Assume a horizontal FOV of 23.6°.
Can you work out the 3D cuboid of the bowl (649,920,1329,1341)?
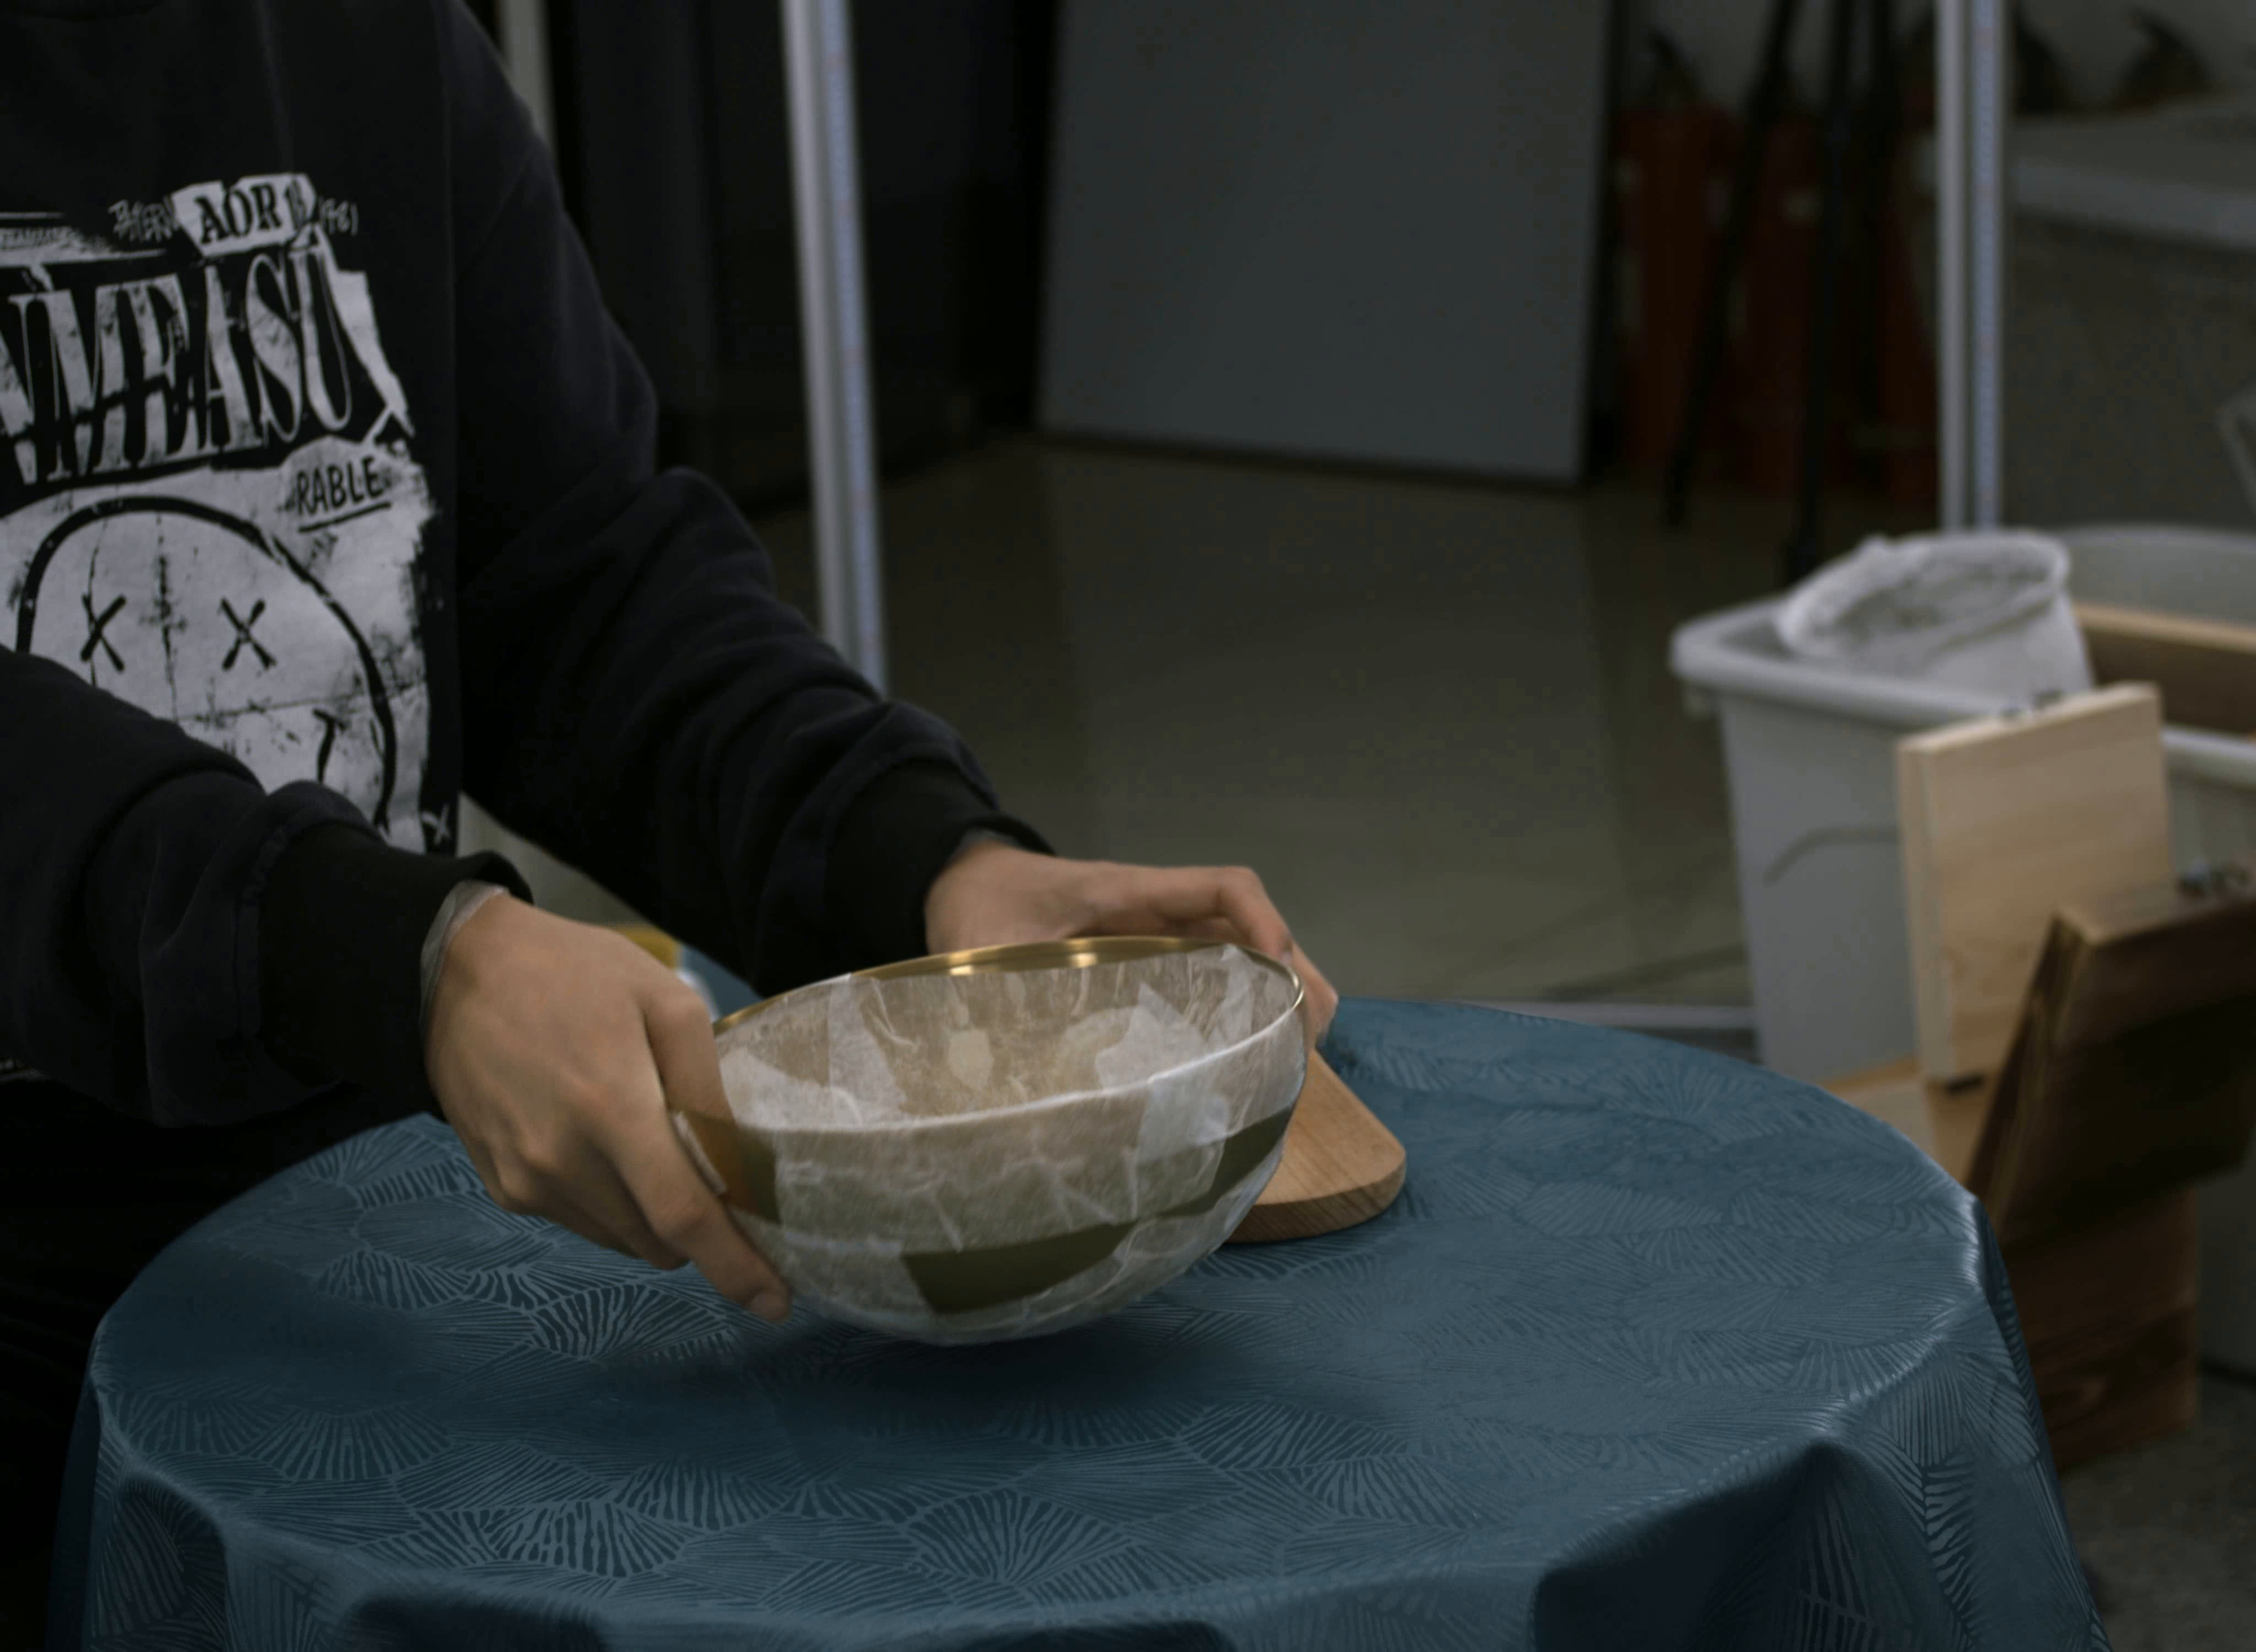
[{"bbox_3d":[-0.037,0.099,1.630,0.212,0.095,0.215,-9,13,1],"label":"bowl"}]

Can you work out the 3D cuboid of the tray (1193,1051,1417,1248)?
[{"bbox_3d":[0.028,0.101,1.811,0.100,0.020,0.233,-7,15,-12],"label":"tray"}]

* * *

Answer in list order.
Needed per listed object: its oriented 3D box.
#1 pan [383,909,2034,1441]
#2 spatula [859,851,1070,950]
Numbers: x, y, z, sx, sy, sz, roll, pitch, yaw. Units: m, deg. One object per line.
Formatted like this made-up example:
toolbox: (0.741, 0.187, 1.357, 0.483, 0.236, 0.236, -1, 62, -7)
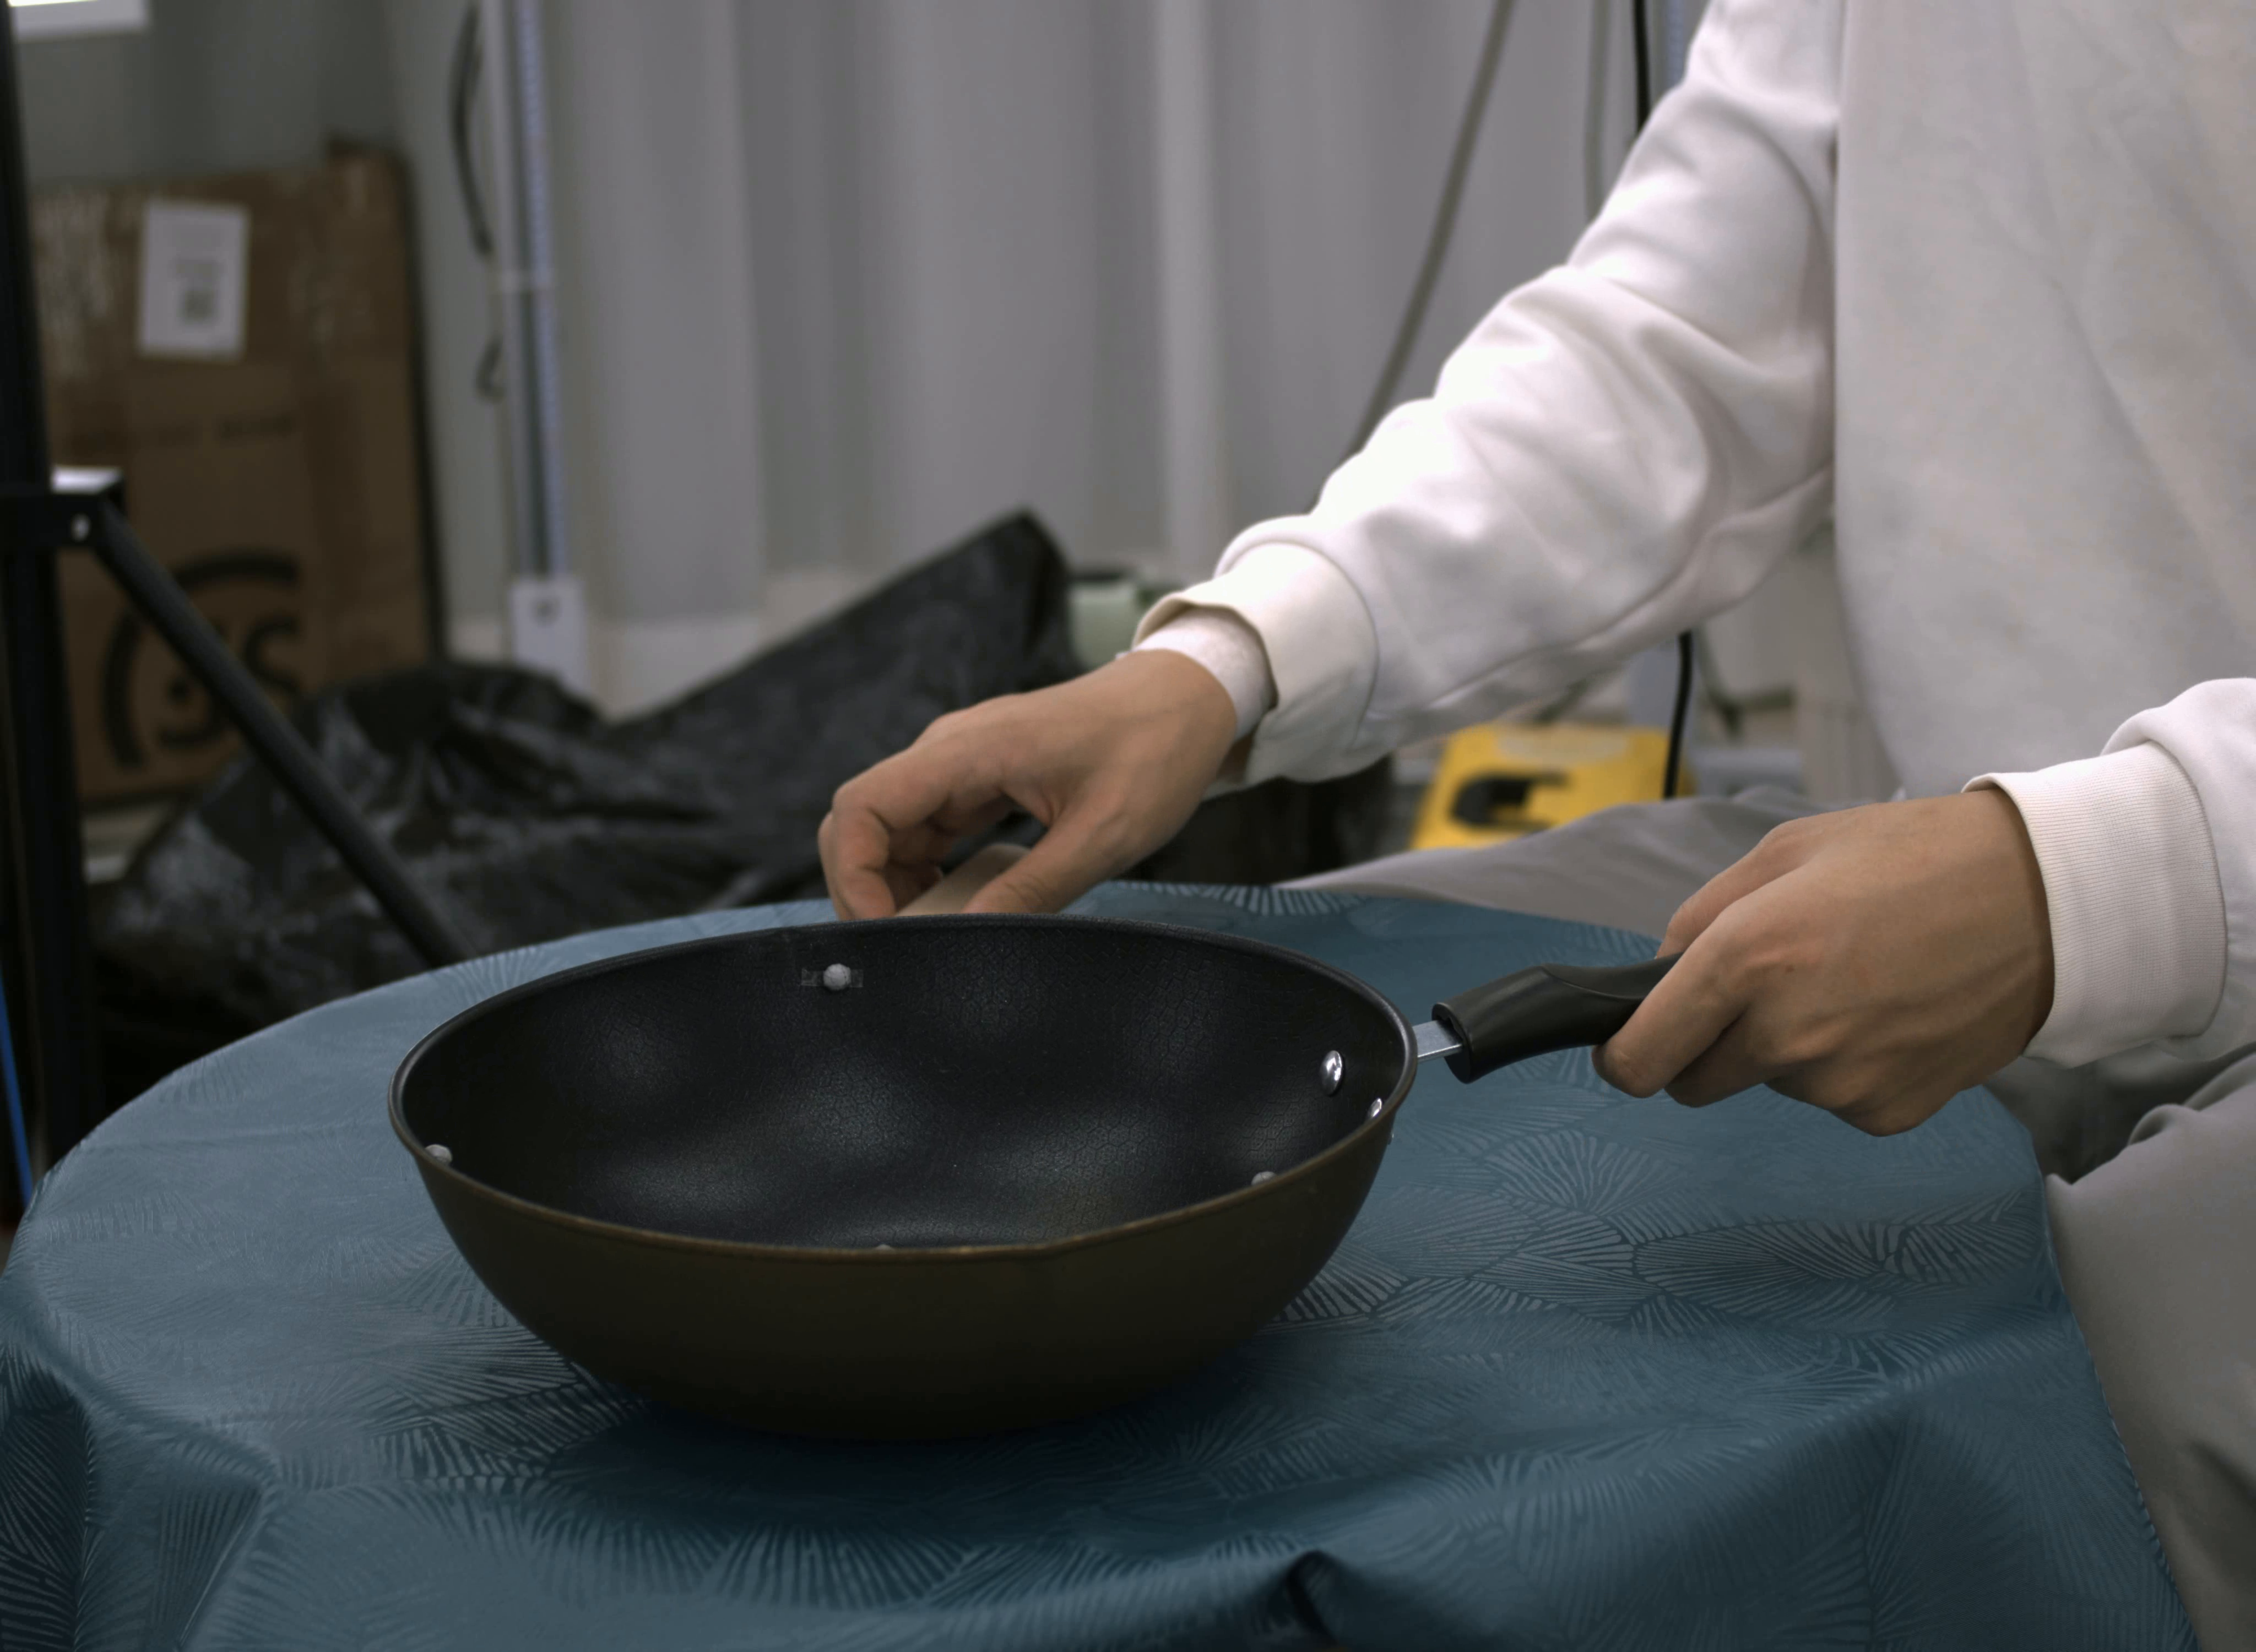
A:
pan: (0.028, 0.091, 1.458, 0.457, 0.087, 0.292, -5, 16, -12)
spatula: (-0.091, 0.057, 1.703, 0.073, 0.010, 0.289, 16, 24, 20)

→ **Work request**
Check each line above for the string "object" and show the ones that have it.

→ **Written response**
Needed per listed object: its oriented 3D box.
Numbers: x, y, z, sx, sy, sz, roll, pitch, yaw. Units: m, deg. One object per line.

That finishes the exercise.